=== DATA RECORDS ===

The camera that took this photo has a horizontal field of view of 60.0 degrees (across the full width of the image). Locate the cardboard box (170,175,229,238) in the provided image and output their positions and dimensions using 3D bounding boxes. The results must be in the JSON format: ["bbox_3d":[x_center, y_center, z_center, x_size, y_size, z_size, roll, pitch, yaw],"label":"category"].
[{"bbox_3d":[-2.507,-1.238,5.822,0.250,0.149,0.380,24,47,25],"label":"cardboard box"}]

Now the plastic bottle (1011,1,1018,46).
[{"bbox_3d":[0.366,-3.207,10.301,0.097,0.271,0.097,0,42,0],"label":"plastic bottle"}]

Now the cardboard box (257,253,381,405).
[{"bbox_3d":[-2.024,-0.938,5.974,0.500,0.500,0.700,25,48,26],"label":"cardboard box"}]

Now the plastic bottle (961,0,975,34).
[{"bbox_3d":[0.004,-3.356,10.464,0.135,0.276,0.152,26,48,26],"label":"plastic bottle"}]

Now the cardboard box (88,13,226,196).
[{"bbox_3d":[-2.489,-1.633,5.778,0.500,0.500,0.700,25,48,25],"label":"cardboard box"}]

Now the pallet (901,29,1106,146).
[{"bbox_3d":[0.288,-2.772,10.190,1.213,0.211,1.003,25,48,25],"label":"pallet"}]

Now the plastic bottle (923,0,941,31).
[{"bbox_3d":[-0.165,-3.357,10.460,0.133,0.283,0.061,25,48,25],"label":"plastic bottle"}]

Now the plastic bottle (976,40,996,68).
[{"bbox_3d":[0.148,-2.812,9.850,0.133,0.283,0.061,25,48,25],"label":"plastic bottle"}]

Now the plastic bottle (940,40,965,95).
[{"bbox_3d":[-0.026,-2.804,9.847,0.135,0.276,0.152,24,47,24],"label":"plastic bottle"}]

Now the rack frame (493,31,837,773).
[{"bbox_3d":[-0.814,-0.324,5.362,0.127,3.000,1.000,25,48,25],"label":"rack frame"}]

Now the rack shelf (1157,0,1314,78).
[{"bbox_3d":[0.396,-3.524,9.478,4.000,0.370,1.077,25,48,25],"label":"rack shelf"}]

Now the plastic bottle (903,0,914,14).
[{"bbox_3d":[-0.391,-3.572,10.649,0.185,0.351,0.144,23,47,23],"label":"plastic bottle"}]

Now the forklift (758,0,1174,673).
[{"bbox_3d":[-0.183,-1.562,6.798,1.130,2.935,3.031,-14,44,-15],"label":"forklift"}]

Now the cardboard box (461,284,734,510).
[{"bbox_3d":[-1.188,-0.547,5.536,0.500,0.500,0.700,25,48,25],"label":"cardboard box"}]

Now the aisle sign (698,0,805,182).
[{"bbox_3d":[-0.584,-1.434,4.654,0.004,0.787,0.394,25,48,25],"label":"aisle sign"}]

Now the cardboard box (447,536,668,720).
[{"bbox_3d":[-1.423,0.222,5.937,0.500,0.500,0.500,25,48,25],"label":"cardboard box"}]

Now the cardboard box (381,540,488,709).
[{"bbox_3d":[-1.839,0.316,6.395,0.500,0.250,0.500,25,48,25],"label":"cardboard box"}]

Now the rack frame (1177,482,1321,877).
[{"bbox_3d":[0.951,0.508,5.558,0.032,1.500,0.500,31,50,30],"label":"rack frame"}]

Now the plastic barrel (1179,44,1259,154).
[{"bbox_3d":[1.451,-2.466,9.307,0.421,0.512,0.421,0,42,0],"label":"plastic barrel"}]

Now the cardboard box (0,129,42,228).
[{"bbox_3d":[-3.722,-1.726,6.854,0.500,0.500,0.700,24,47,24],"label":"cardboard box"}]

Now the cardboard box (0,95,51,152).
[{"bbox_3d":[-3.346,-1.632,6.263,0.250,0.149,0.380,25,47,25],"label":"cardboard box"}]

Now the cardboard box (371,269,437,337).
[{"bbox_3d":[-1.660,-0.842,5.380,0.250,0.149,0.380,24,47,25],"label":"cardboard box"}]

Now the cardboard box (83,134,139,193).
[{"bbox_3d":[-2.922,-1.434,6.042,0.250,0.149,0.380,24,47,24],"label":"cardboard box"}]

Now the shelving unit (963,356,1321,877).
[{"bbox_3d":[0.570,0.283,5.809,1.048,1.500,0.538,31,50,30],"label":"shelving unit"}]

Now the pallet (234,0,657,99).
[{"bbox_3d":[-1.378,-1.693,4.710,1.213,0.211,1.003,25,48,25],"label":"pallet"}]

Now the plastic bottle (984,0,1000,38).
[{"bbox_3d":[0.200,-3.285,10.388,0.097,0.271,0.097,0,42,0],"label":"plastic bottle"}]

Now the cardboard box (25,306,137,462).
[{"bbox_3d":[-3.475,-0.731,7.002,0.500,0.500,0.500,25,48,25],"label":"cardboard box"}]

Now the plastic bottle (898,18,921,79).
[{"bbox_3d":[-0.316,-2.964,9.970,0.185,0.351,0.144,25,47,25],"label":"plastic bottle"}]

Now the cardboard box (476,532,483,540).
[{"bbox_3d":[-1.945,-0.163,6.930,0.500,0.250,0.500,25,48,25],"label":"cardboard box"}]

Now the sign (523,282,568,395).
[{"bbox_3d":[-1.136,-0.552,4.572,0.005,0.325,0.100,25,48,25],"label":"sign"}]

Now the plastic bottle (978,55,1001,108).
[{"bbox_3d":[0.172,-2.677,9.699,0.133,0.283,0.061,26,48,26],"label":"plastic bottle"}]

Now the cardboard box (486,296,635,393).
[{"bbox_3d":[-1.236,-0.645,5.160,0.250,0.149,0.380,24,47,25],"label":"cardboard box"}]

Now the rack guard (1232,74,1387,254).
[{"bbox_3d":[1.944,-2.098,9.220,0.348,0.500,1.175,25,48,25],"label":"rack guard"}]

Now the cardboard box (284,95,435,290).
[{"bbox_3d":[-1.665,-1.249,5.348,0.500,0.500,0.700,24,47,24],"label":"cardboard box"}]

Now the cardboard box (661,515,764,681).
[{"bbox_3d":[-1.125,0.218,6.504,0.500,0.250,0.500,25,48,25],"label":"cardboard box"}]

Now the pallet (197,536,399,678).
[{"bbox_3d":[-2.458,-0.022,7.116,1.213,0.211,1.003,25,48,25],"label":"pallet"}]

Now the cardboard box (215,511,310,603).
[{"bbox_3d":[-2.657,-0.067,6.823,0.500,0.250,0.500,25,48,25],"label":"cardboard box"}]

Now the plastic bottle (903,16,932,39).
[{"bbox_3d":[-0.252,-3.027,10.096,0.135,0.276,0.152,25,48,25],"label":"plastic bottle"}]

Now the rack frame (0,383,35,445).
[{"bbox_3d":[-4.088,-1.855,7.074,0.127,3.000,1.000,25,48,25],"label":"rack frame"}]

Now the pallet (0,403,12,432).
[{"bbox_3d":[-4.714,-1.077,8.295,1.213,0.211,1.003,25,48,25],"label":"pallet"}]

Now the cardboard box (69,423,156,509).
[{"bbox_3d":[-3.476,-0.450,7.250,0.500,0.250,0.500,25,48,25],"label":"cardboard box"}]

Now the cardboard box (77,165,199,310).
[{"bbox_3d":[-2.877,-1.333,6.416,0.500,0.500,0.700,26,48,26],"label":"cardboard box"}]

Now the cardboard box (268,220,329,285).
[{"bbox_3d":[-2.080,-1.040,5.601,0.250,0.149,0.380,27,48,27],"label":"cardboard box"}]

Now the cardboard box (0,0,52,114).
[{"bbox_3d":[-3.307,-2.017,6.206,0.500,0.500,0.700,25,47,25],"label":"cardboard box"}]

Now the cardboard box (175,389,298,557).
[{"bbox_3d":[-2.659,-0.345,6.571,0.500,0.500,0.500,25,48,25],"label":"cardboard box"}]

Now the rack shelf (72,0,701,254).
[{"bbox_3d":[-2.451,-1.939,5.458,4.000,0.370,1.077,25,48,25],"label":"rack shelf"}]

=== EXERCISE GOAL ===
The lines to return run from the one containing "Now the cardboard box (0,0,52,114)." through the last line of the material above. Please reproduce them exactly.

=== YOUR RESPONSE ===
Now the cardboard box (0,0,52,114).
[{"bbox_3d":[-3.307,-2.017,6.206,0.500,0.500,0.700,25,47,25],"label":"cardboard box"}]

Now the cardboard box (175,389,298,557).
[{"bbox_3d":[-2.659,-0.345,6.571,0.500,0.500,0.500,25,48,25],"label":"cardboard box"}]

Now the rack shelf (72,0,701,254).
[{"bbox_3d":[-2.451,-1.939,5.458,4.000,0.370,1.077,25,48,25],"label":"rack shelf"}]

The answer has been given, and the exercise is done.